Виталий Сергеевич вытер дочери нос своим платком и вздохнул.

– При сложившихся обстоятельствах развода всё равно не избежать. Только зря будешь терзаться. Лучше обрубить сразу.

Завтра же уволю его к чертям собачьим! Надеюсь, акции хранятся в доме?

Ляля словно не слышала вопроса.

– Умоляю, не увольняй! Тогда – конец! Я еще к этому не готова! Обещай мне!

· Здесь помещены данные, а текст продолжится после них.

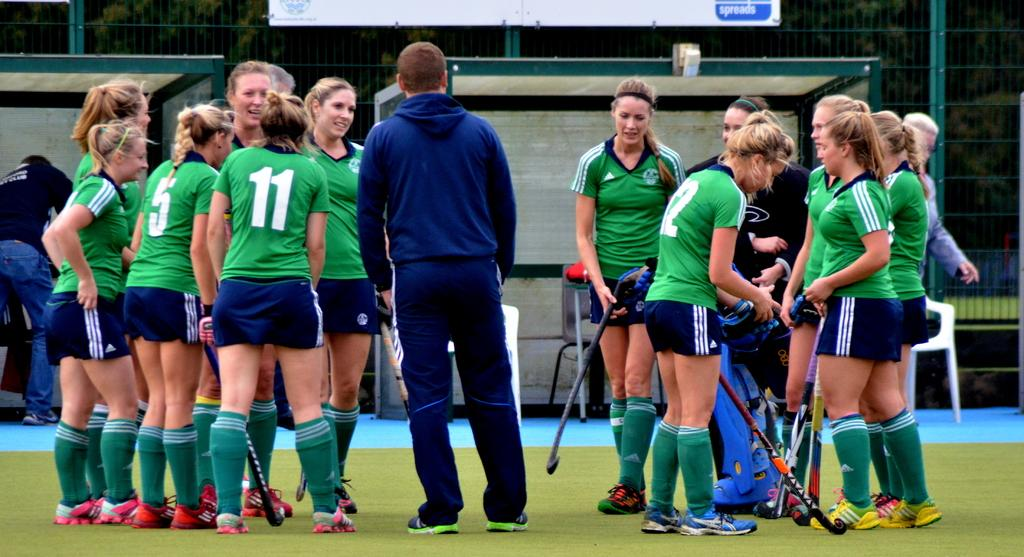<image>
Render a clear and concise summary of the photo. a group if girls in green with one wearing the number 11

– Хорошо. Сама подашь сигнал. Условились?

– Да.

Разговор с отцом хоть и не мог дать никакой надежды на восстановление отношений с Максом (Ляле казалось, что она и сама этого не хочет, слишком уж в унизительное положение её поставил муж), но вселил уверенность, что она противостоит своей беде не одна. Чем далее, тем яснее делалась неотвратимость полного разрыва, но она тянула время, надеясь смягчить болезненную остроту предстоящего шага. Чтобы отвлечься от навязчивых мыслей, стала сутками блуждать в Интернете. Интернет, уверяла реклама, упрощает жизнь, снимает эмоциональный накал; кончилась эпоха перехода от устного языка к письменному, теперь и книги, и почтовая связь становятся анахронизмом; выдать сообщение можно, нажав кнопку; от текста мы переходим к внутреннему диалогу; человек всё больше погружается в себя; тому, кто сидит за компьютером, мало что и мало кто нужен реально.

Задачи совпадают, подумала Ляля. Надо попробовать.

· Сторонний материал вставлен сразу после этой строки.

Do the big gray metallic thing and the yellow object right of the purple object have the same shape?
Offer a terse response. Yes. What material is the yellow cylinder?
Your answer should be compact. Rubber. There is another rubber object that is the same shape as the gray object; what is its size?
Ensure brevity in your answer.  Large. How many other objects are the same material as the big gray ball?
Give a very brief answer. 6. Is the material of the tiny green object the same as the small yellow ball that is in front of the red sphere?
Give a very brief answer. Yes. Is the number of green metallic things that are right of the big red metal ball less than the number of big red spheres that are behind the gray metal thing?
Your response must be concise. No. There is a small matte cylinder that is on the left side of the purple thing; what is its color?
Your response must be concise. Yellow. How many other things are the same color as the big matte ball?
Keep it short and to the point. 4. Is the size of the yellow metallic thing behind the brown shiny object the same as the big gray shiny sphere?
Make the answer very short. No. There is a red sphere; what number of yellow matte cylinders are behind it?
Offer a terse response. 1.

Быстро менялись разделы, картинки, но клиповое мышление не увлекало. Зашла на сайт знакомств, начала читать бесконечные послания ищущих себе пару – от предложений иерепихнуться в свободную минутку до серьезных матримониальных намерений. Попадались любопытные тексты, составленные со знанием психологии, но больше шелухи, стандартных фраз, за которыми зияла пустота и боязнь одиночества. Начать переписываться самой? Если бы ей, как основным пользователям блогов, было лет пятнадцать– двадцать, можно было бы попробовать, но к сорока отчётливо понимаешь, как мало значат слова. Даже более того – слова скрывают истинный смысл сказанного, речь и оформилась для того, чтобы передавать прямое значение действий, а не то, что за ними подразумевается. Подтекст уже есть продукт развитого воображения.